When I'm a human BEing I'm usually asleep. Once I reached the other side of 30, I understood the value of a nap. In recent years I've even started naming my naps. I have a Sick Kids nap - those are my 3-hour siestas after my daughter's cardiology appointments. That's not my favourite snooze, but I need it.
Then there are my period naps, my husband named those, and we both know that I'm not really sleeping, but its a good idea that I'm not around people, especially if sharp objects are near. When I meditate sometimes people think I'm napping. I love napping in the car. As soon as the key clicks in the ignition I'm dreaming of far off lands.
I often suggest to my husband that we drive to Florida, alternating turns at the wheel. But we both know that will never happen. We would pull out of the driveway, I'd be snoring and wake up in front of a Daytona Beach Piggly Wiggly.

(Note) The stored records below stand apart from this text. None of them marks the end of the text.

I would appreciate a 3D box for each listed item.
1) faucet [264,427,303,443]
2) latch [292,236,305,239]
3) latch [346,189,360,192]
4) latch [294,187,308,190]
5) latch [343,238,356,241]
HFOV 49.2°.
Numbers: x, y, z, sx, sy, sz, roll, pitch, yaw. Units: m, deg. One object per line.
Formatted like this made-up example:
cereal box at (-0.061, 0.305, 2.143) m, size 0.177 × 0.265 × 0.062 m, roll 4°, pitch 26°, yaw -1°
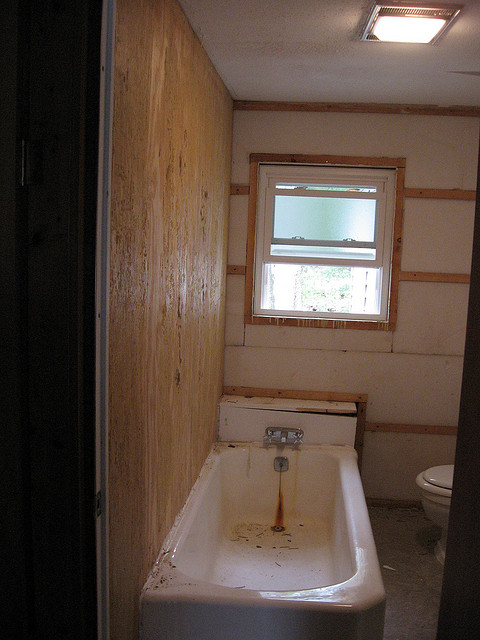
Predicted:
faucet at (0.249, 0.637, 2.942) m, size 0.204 × 0.070 × 0.113 m, roll 2°, pitch 1°, yaw 2°
latch at (0.360, -0.509, 3.187) m, size 0.064 × 0.016 × 0.007 m, roll 2°, pitch 1°, yaw 12°
latch at (0.686, -0.789, 3.158) m, size 0.079 × 0.015 × 0.028 m, roll 2°, pitch 1°, yaw -3°
latch at (0.369, -0.807, 3.179) m, size 0.074 × 0.019 × 0.029 m, roll 2°, pitch 1°, yaw -12°
latch at (0.662, -0.493, 3.158) m, size 0.063 × 0.016 × 0.014 m, roll 2°, pitch 1°, yaw -5°
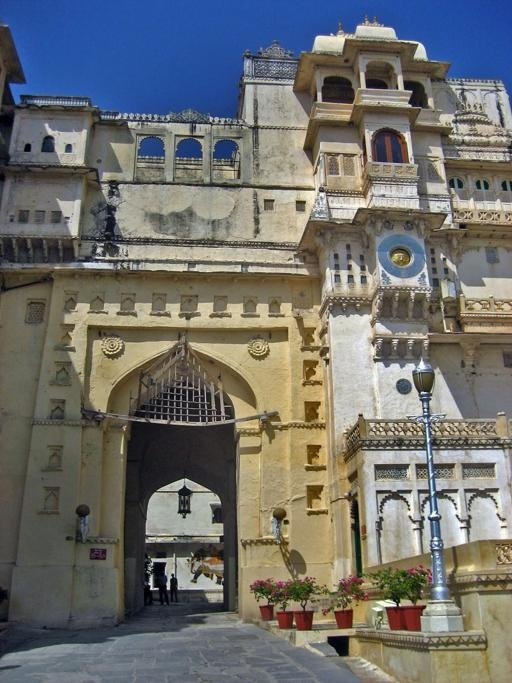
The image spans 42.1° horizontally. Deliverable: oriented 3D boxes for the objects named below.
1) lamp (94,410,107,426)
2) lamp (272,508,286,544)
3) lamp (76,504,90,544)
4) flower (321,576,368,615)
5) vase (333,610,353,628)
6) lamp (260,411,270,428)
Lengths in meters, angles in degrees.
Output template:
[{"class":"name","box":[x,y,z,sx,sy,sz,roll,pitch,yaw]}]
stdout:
[{"class":"lamp","box":[-4.650,2.303,20.039,0.344,0.399,0.435,3,-23,-11]},{"class":"lamp","box":[0.678,5.398,19.380,0.429,0.990,0.890,-1,-22,1]},{"class":"lamp","box":[-4.882,5.142,18.639,0.411,1.004,0.825,4,-22,-12]},{"class":"flower","box":[1.890,5.263,13.737,0.760,0.665,1.350,-4,-21,7]},{"class":"vase","box":[1.727,5.401,12.926,0.396,0.265,0.377,-5,-14,14]},{"class":"lamp","box":[0.274,2.470,20.681,0.295,0.397,0.421,-1,-22,0]}]
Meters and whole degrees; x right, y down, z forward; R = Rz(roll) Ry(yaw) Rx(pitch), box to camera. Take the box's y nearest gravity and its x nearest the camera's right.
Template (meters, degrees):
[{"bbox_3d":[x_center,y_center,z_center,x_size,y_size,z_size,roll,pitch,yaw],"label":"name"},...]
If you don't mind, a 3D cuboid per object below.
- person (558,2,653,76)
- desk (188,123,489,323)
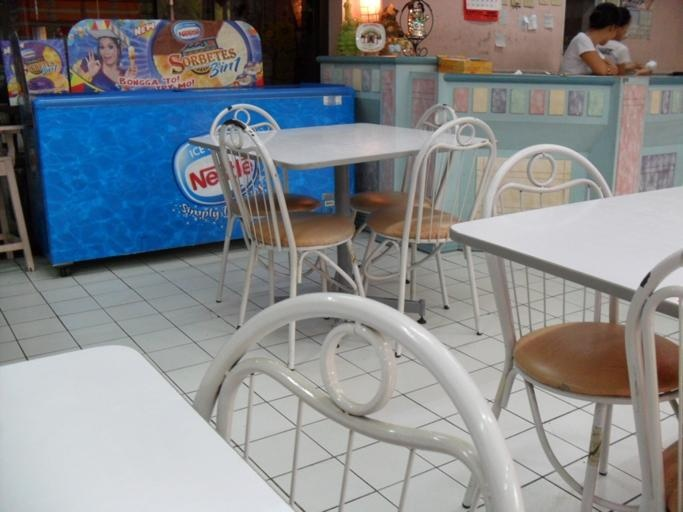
[{"bbox_3d":[2.535,-2.081,4.795,0.667,0.645,1.626,12,26,29],"label":"person"},{"bbox_3d":[-0.073,-0.615,3.251,1.327,1.289,1.314,-15,29,-28],"label":"desk"}]
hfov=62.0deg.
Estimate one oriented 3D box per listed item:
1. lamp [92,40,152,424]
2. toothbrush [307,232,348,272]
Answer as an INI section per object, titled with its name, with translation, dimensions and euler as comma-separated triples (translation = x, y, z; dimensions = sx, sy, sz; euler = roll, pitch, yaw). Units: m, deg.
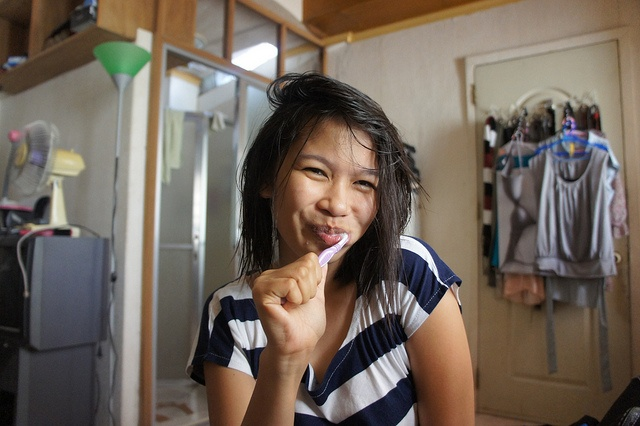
[lamp]
translation = -1.347, 0.132, 3.578
dimensions = 0.320, 2.582, 0.292
euler = 0, -3, 10
[toothbrush]
translation = 0.055, 0.161, 2.349
dimensions = 0.150, 0.150, 0.057
euler = 3, -4, -38
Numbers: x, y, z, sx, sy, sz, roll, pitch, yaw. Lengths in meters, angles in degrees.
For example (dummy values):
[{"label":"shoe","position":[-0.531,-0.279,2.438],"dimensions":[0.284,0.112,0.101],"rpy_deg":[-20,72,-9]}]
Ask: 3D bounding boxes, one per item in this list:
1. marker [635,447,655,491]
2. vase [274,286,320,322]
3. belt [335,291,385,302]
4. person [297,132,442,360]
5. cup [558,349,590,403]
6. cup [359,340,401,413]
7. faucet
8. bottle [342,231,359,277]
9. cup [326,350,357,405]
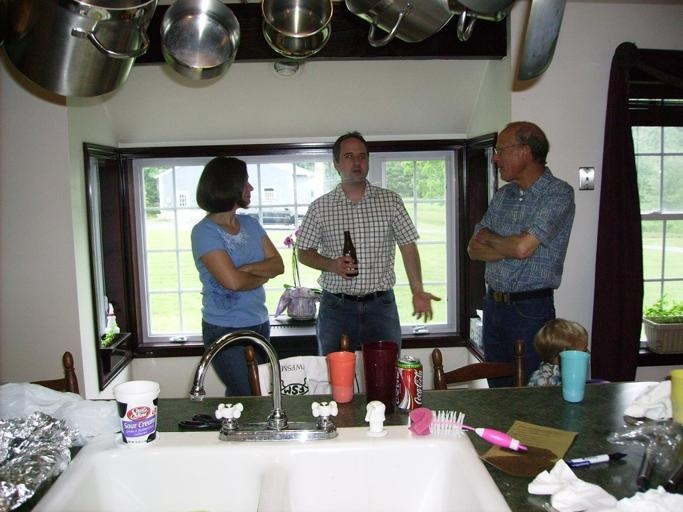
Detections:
[{"label":"marker","position":[0.803,0.561,1.396],"dimensions":[0.037,0.032,0.178],"rpy_deg":[27,21,18]},{"label":"vase","position":[-0.302,0.329,3.695],"dimensions":[0.254,0.187,0.239],"rpy_deg":[0,-1,-1]},{"label":"belt","position":[0.097,0.218,2.827],"dimensions":[0.265,0.056,0.032],"rpy_deg":[-4,4,0]},{"label":"person","position":[0.099,-0.070,2.856],"dimensions":[0.673,1.184,0.340],"rpy_deg":[-4,4,-5]},{"label":"cup","position":[0.795,0.399,1.811],"dimensions":[0.086,0.167,0.164],"rpy_deg":[-2,5,23]},{"label":"cup","position":[0.130,0.390,1.728],"dimensions":[0.113,0.227,0.100],"rpy_deg":[-3,4,2]},{"label":"faucet","position":[-0.303,0.356,1.538],"dimensions":[0.267,0.297,0.136],"rpy_deg":[-5,4,-17]},{"label":"bottle","position":[0.049,-0.009,2.785],"dimensions":[0.077,0.237,0.183],"rpy_deg":[-4,4,0]},{"label":"cup","position":[0.003,0.402,1.817],"dimensions":[0.086,0.176,0.170],"rpy_deg":[-4,4,-2]}]

I don't apologize for napping. I wouldn't do it if I didn't need it. I'm a great human DOing. I love my career as a Disney Travel Specialist and I DO it well. It's my ideal job. I don't mind vacuuming and don't care that I treat stairs like shelves. I'm a mom-taxi, grocery shopper, great wife, better mother and awesome friend. It's all apart of me as a DOer.
BUT, I understand balance, and know that DOing and BEing can co-exist. I am grateful for the harmony in my life. It took years to get to this place where nothing is something. WAY better than bobbing for lobster or hammer catching in the pretend Olymics.